The Art of Looking Innocent

The Art of Looking Innocent

🐕 Biscuit

I walked into the kitchen to grab my water bottle and found this.

The Art of Looking Innocent

The Art of Looking Innocent

Third. Time. This. Week. The overturned trash can, the banana peels artfully scattered across my clean floor, the yogurt container licked so clean it could go back in the cabinet. And there in the middle of it all sits Biscuit, looking like butter wouldn’t melt in his mouth.

Look at that face.

The evidence on his nose says otherwise

The evidence on his nose says otherwise

That is the face of a dog who has never done anything wrong in his entire life. That is the face of a dog who is personally offended that I would even suggest he was involved in this chaos.
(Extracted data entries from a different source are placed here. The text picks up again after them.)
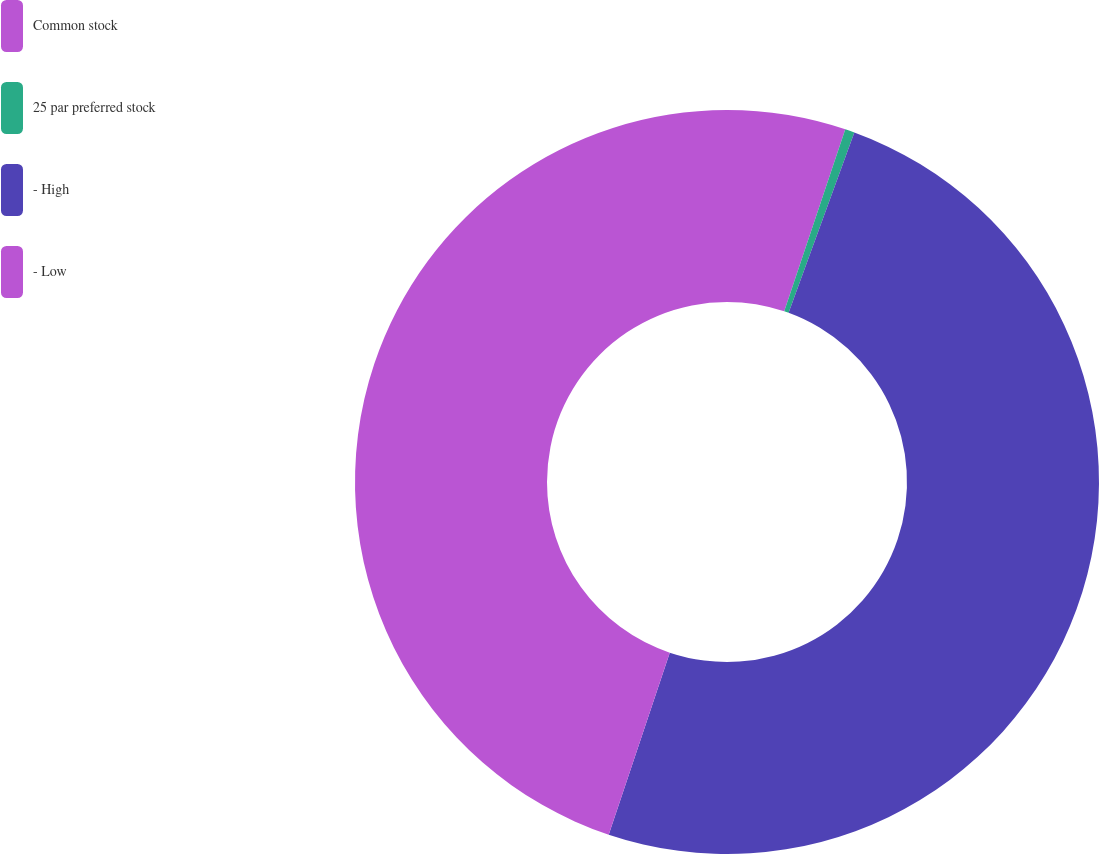<chart> <loc_0><loc_0><loc_500><loc_500><pie_chart><fcel>Common stock<fcel>25 par preferred stock<fcel>- High<fcel>- Low<nl><fcel>5.15%<fcel>0.41%<fcel>49.59%<fcel>44.85%<nl></chart> 
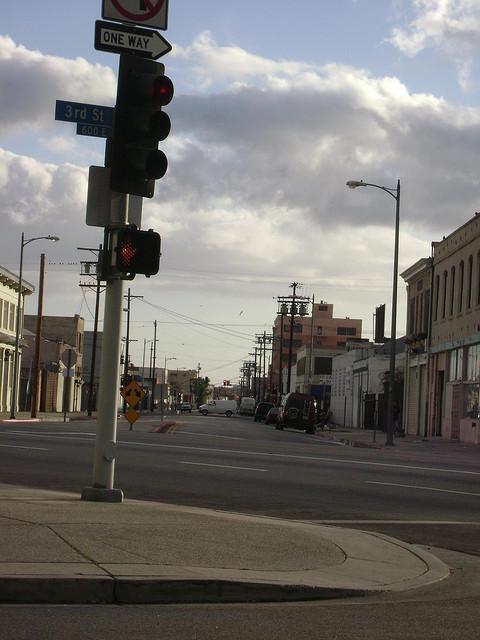How many people are on the couch?
Give a very brief answer. 0. 
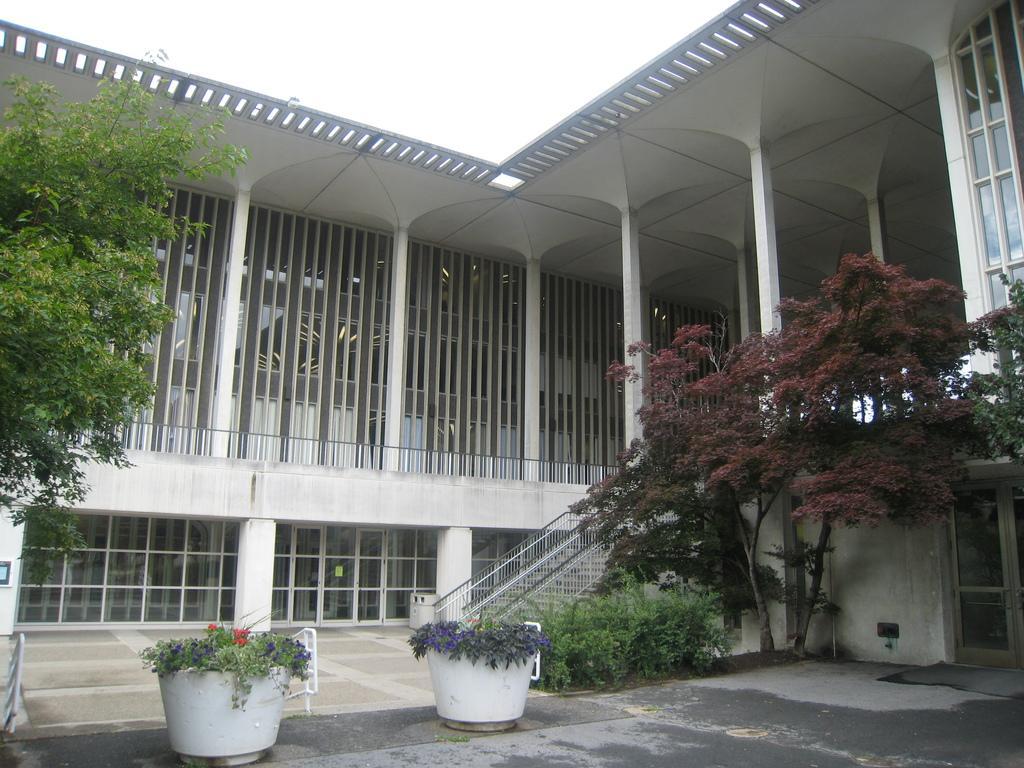Please provide a concise description of this image. In this image we can see the building with stairs, windows, pillars and door. In front of the building we can see the trees and potted plants. At the top we can see the sky.

The piece of evidence literally stuck to his nose? Circumstantial at best.

The full crime scene

The full crime scene

This is what I sent Marcus at work with the caption ‘YOUR DOG.’ He replied with three crying-laughing emojis and ‘But look how cute he is!’ I can’t even argue. Sixty-seven dollars at Petco for a ‘dog-proof’ trash can and this golden menace treats it like a puzzle box. The man at the store said it was foolproof. Clearly he never met our fool.

I cleaned it up. Again. Biscuit supervised from his bed, tail wagging, probably already planning tomorrow’s heist. At least he’s consistent. Can’t fault a guy for having hobbies.